3. Wide-Legged Forward Fold (Prasarita Padottanasana A)

Wide-Legged-Forward-Bend

You will stretch your hamstrings as well as your groin in this active pose—just make sure you don’t navigate past your comfort zone as the vulnerable inner knee can take on excess strain if you get too ambitious lowering to the ground. Use your breath as your guide.

 

  • Begin with your feet wide apart across the full length of your mat.
  • Turn your toes slightly inward for greater release in the hips and lumbar spine.
  • Hinge from your hips as you descend forward, knees slightly bent as you reach toward the floor.
  • Walk your hands underneath your hips, keeping them shoulder width distance apart, and place them in between the feet.
  • Tuck your chin gently toward your chest and lower the top of your head towards the floor. It’s not important if the head touches the floor or not, but do attempt to keep the spine lengthened.
  • Hold 5 to 10 breaths.
  • Bend your knees to return to standing.

4. Staff Pose into Seated Forward Bend (Dandasana into Paschimottanasana)

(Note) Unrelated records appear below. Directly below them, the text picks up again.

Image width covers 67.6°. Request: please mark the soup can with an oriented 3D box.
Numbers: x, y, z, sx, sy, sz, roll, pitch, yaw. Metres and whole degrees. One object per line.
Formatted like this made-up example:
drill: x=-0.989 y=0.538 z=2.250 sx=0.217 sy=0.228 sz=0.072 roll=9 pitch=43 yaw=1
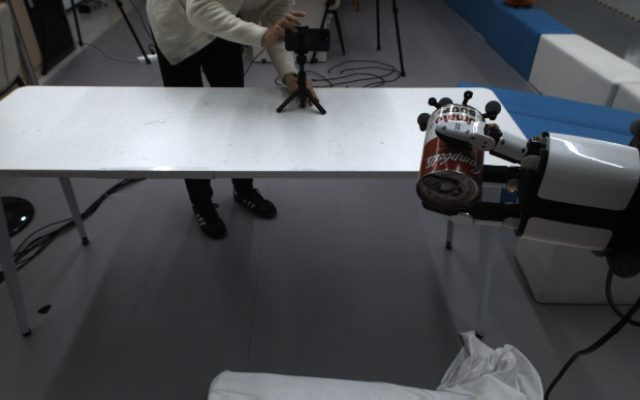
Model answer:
soup can: x=0.148 y=-0.050 z=0.538 sx=0.067 sy=0.067 sz=0.101 roll=9 pitch=56 yaw=10
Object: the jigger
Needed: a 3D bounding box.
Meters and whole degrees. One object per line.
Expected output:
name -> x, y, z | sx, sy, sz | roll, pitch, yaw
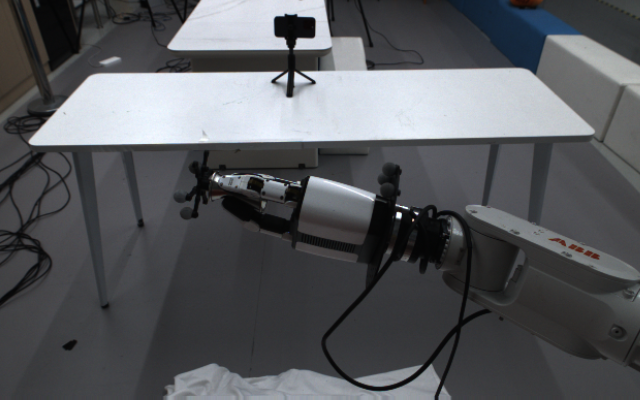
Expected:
jigger -> -0.095, -0.015, 0.612 | 0.071, 0.043, 0.043 | 11, 35, 3
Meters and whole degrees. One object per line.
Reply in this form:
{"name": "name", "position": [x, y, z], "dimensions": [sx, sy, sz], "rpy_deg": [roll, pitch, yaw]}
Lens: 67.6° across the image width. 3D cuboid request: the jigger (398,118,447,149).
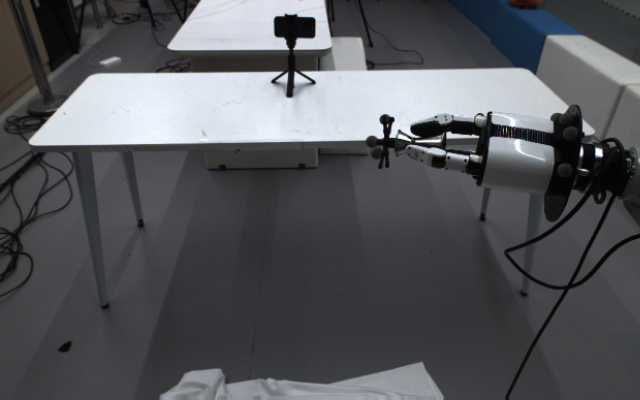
{"name": "jigger", "position": [0.153, -0.087, 0.707], "dimensions": [0.071, 0.043, 0.043], "rpy_deg": [5, 34, 21]}
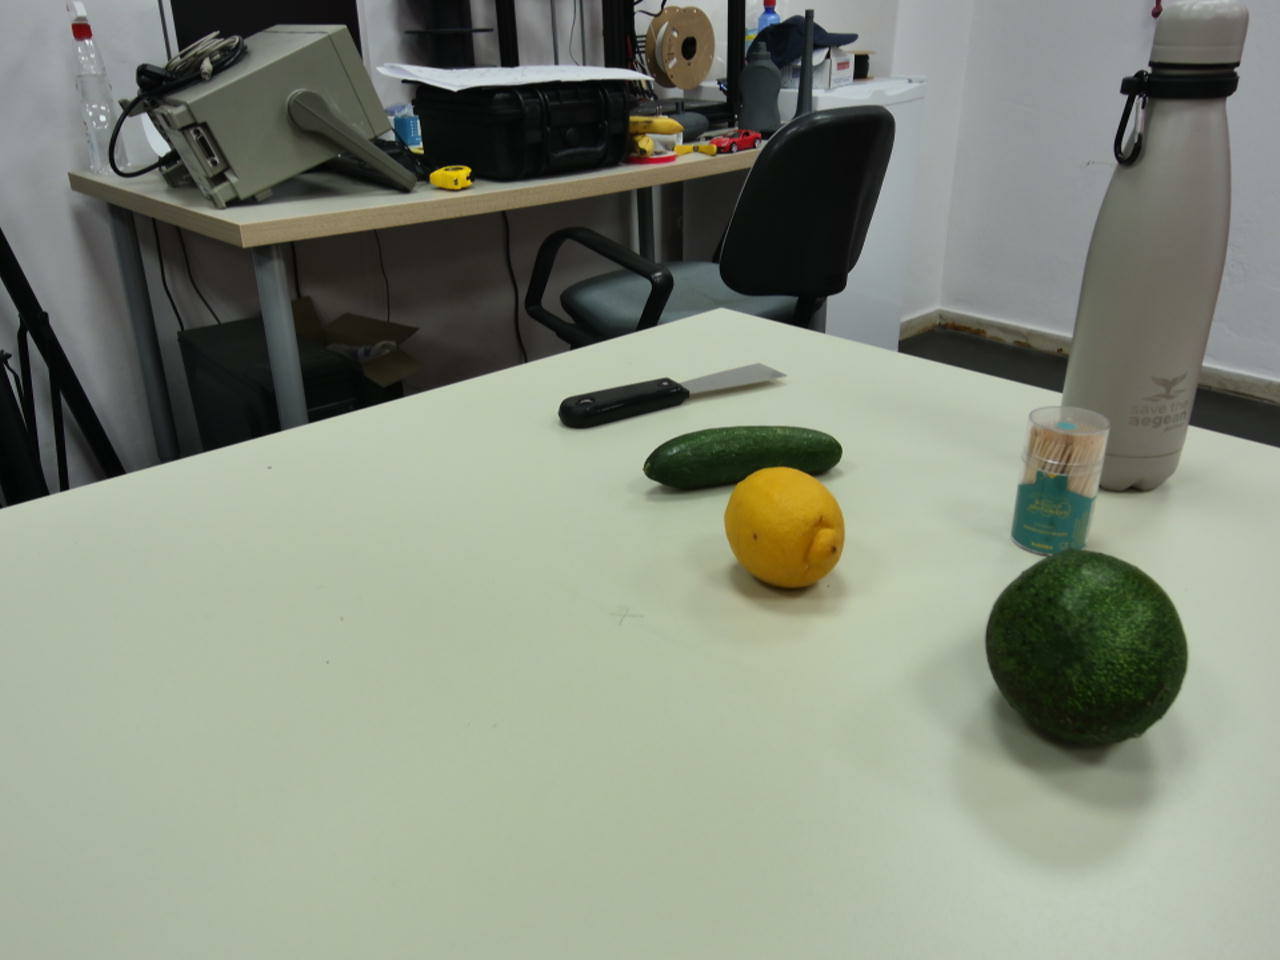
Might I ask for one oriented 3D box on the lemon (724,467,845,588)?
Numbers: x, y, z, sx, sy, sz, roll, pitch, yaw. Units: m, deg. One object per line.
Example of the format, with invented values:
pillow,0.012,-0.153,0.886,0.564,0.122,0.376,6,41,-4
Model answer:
lemon,0.075,0.025,0.522,0.061,0.059,0.067,0,23,1
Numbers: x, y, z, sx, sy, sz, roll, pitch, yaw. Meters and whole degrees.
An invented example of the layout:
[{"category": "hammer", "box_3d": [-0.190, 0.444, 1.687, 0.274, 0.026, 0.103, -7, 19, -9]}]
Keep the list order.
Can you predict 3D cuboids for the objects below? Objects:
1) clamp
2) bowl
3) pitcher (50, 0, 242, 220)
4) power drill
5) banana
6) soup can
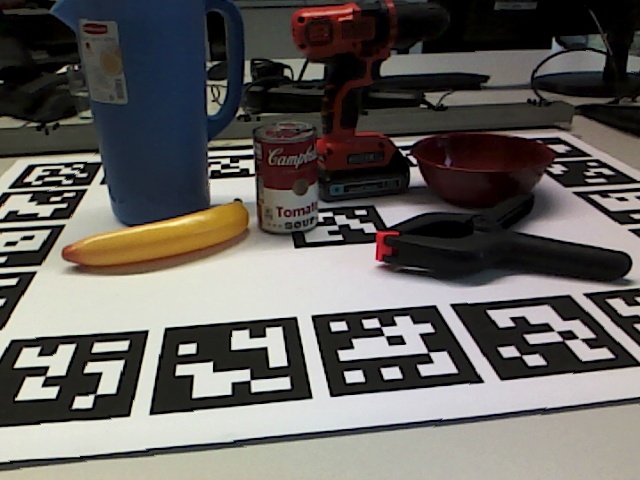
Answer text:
[{"category": "clamp", "box_3d": [0.147, -0.010, 0.576, 0.202, 0.036, 0.166, -6, 31, -9]}, {"category": "bowl", "box_3d": [0.181, -0.088, 0.722, 0.161, 0.055, 0.162, -1, 28, 0]}, {"category": "pitcher", "box_3d": [-0.167, -0.152, 0.658, 0.188, 0.242, 0.134, -17, 28, -29]}, {"category": "power drill", "box_3d": [0.063, -0.180, 0.722, 0.184, 0.186, 0.057, -6, 28, -12]}, {"category": "banana", "box_3d": [-0.152, -0.009, 0.606, 0.196, 0.039, 0.075, -16, 22, -30]}, {"category": "soup can", "box_3d": [-0.038, -0.071, 0.650, 0.068, 0.102, 0.068, -3, 19, 0]}]
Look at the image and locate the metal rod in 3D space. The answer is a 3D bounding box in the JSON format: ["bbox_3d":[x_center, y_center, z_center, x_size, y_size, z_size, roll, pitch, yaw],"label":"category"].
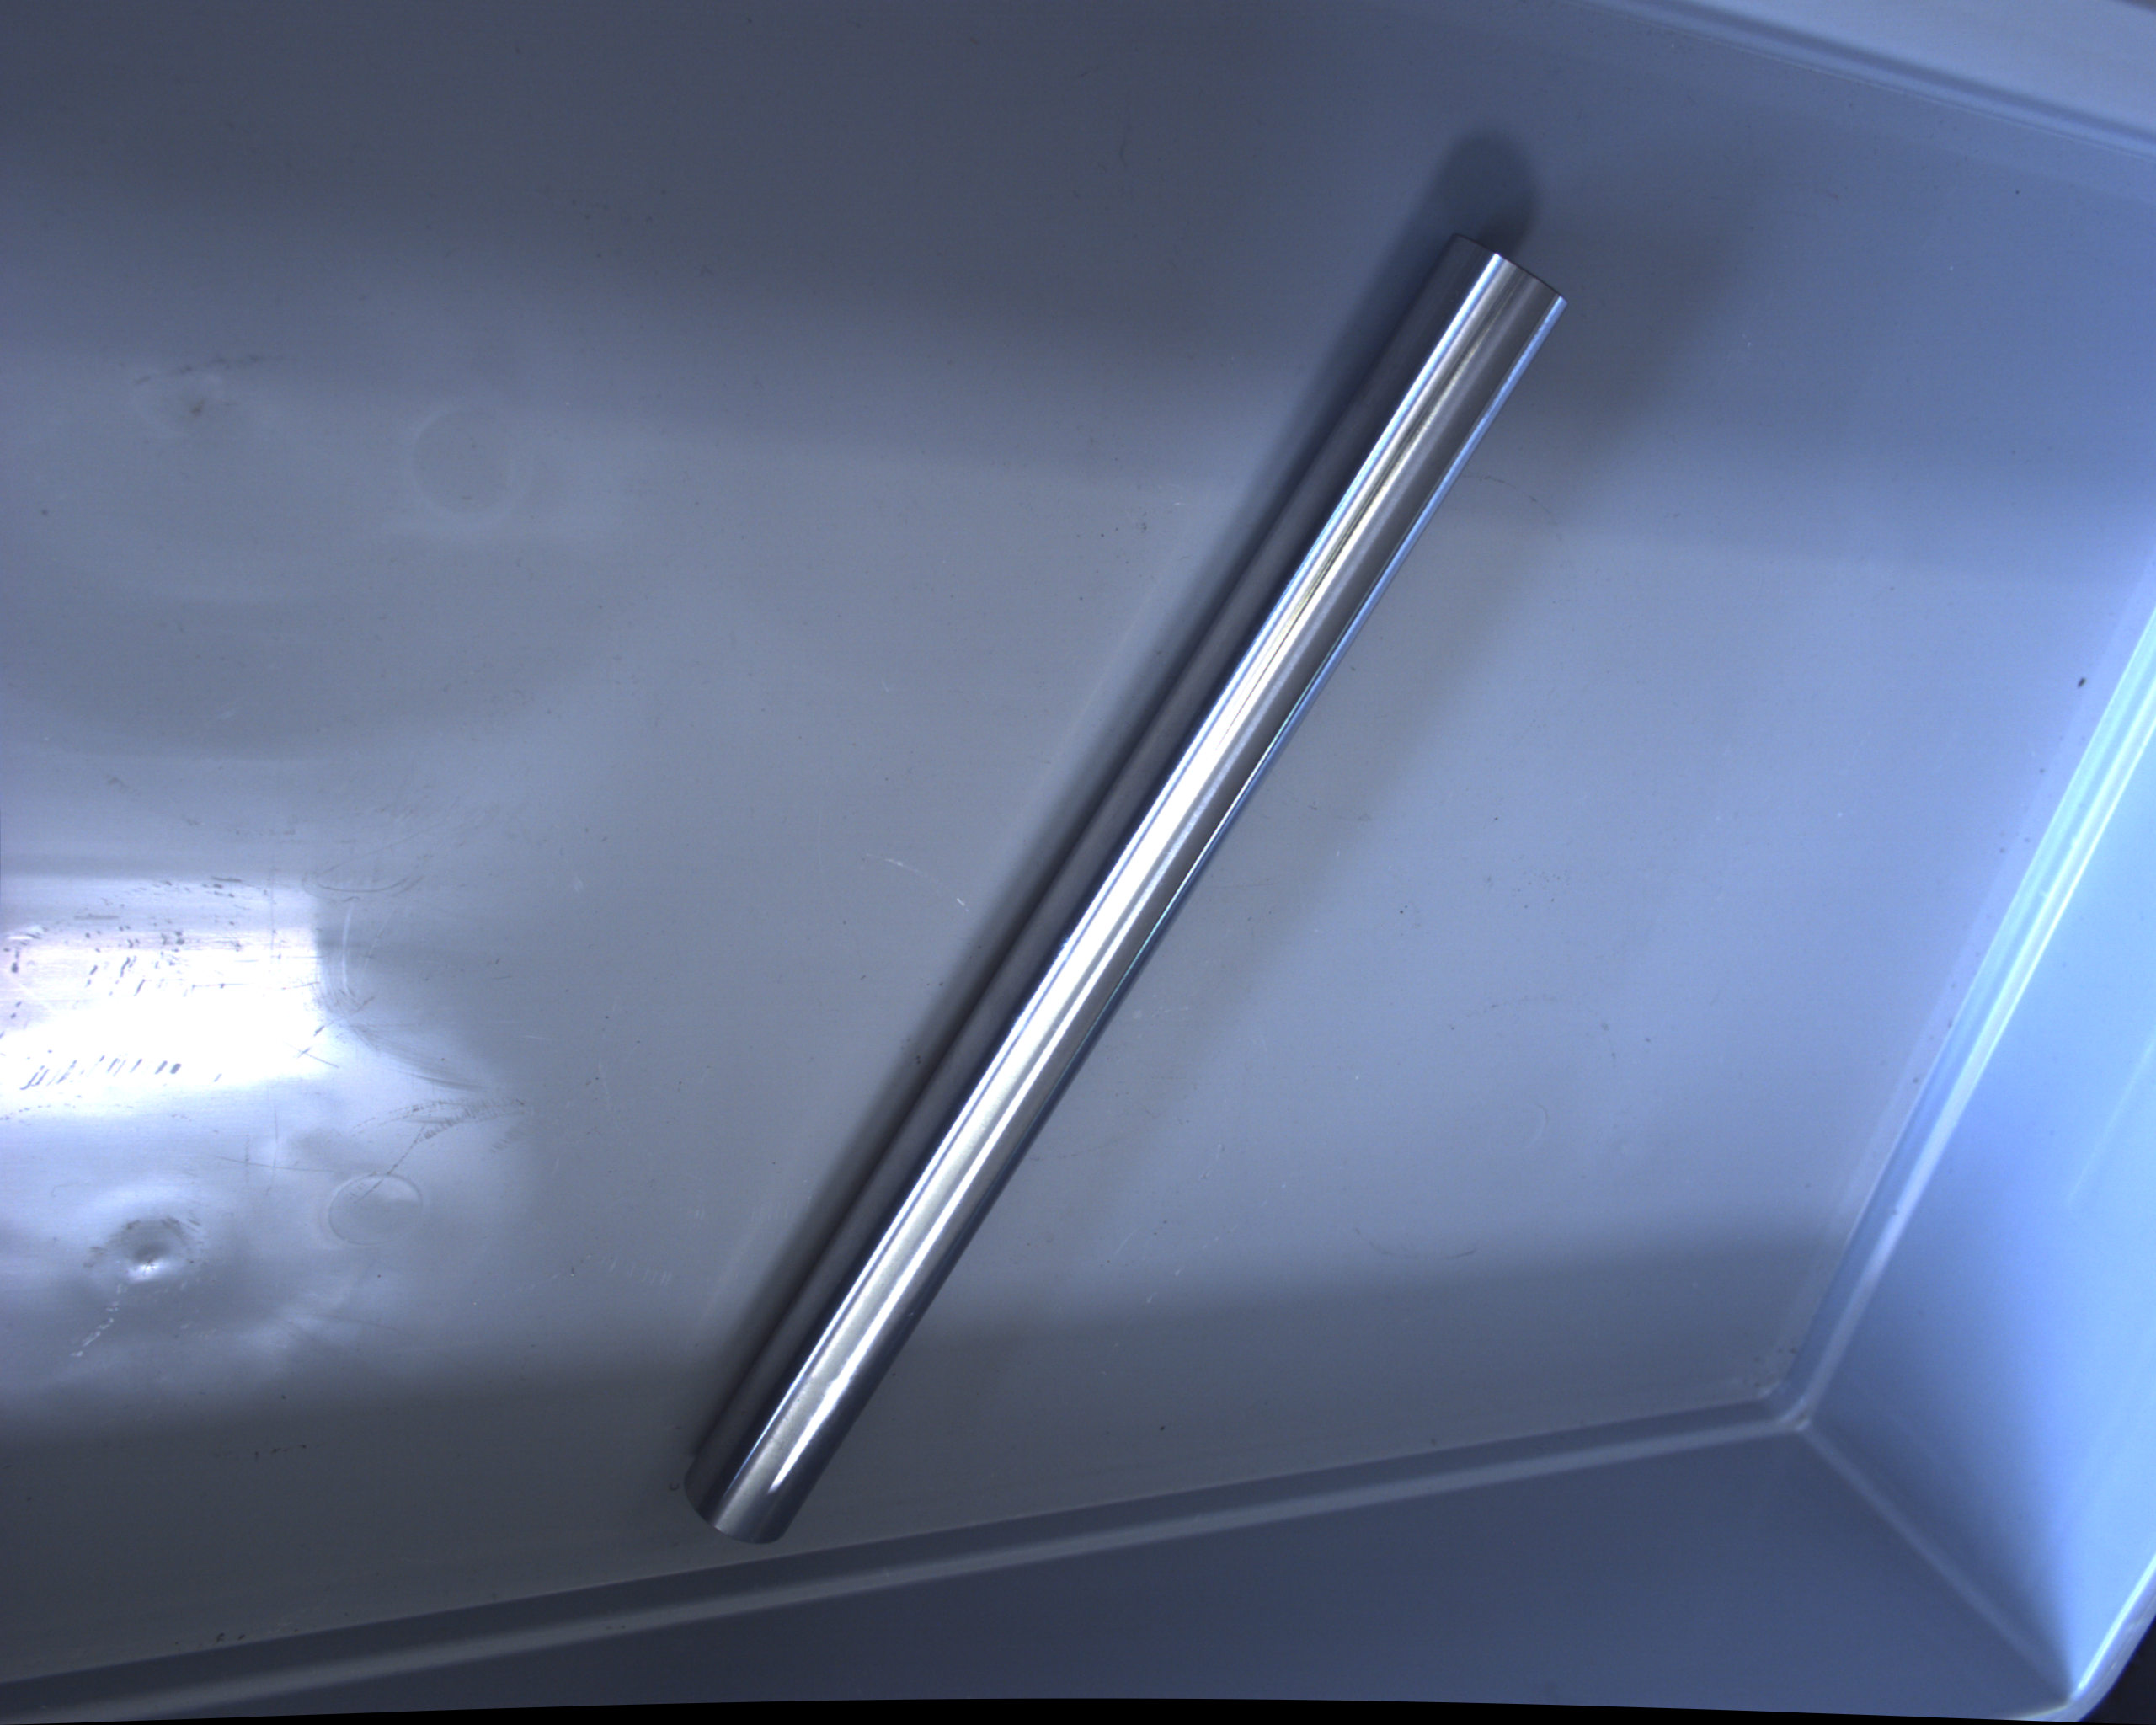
[{"bbox_3d":[0.002,0.015,0.415,0.025,0.025,0.299,22,107,-36],"label":"metal rod"}]
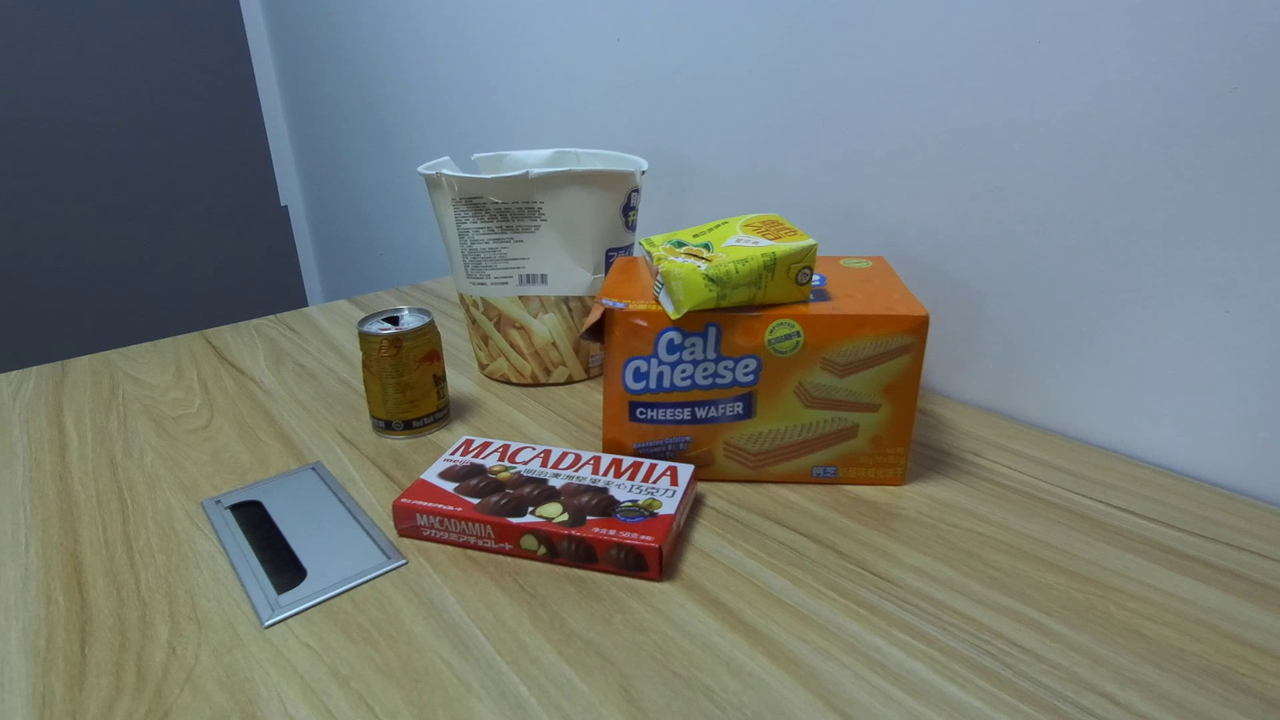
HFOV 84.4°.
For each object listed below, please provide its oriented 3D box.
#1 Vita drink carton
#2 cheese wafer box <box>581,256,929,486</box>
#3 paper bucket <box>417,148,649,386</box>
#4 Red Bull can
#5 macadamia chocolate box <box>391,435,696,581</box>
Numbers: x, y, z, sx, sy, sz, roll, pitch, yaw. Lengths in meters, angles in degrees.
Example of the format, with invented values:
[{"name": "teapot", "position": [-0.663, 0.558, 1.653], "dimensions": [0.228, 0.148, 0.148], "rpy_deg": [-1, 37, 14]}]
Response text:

Credit: Chara Caruthers Credit: Chara Caruthers

A grounded Staff Pose helps realign the spine and allow the natural curve to exist even during a seated pose. Reaching for the toes in the forward folding Paschimottanasana is more of a detail than the goal; instead, focus on broadening those hamstrings and steer clear from rounding the thoracic spine.

 

  • Begin in Dandasana with a tall spine and legs outstretched in front of you.
  • Inhale arms toward the ceiling.
  • Exhale reach toward the feet, wrapping your first two fingers and thumbs around each big toe, or resting hands on the shins.
  • Keep the sit-bones grounded.
  • Sitting on a block helps make this pose more accessible if tension in the back or hamstrings makes forward folding painfully uncomfortable.
  • Hold 5 to 10 breaths.
  • Return to Dandasana.

5. Reclining Hand-to-Big-Toe Pose (Supta Padangusthasana)

Reclining-Big-Toe-Pose-Supta-Padangusthasana

Most practitioners find Hanumanasana or full splits inaccessible, which makes this supine version a safer, more enjoyable alternative.

 

 

  • Begin lying down.
  • Bring the right knee into your chest, holding the big toe with the first two fingers and thumb.
  • Extend the leg up towards the sky, and gradually, breath by breath, ease the foot towards the head. You can use a strap here for a gentler stretch.
  • Avoid lifting the left hip off of the ground by extending through the left heel.
  • Hold 5 to 10 breaths.
  • Repeat on the second side.

Take a “Mindful” Seat and See the Big Picture

Most hamstring tension and back pain results from poor posture while seated. If you experience chronic tightness in your hamstrings, aggressively stretching this area will not make it all go away.

When tension regularly hits specific areas, this indicates injury or an inefficient movement pattern in other areas of your body. Hamstring stretches involve Forward Folds, which can exacerbate an already overstretched mid to upper back and a shortened chest from sitting hunched over a computer all day.

Forward folding without lengthening the spine can also affect the lumbar region, creating an excessive rounding of the lower back, which severely limits hip flexor mobility.

While yoga teaches you to observe and watch for these patterns in your movements and in your practice, ask your instructor for assistance to ensure optimal posture on and off of the mat.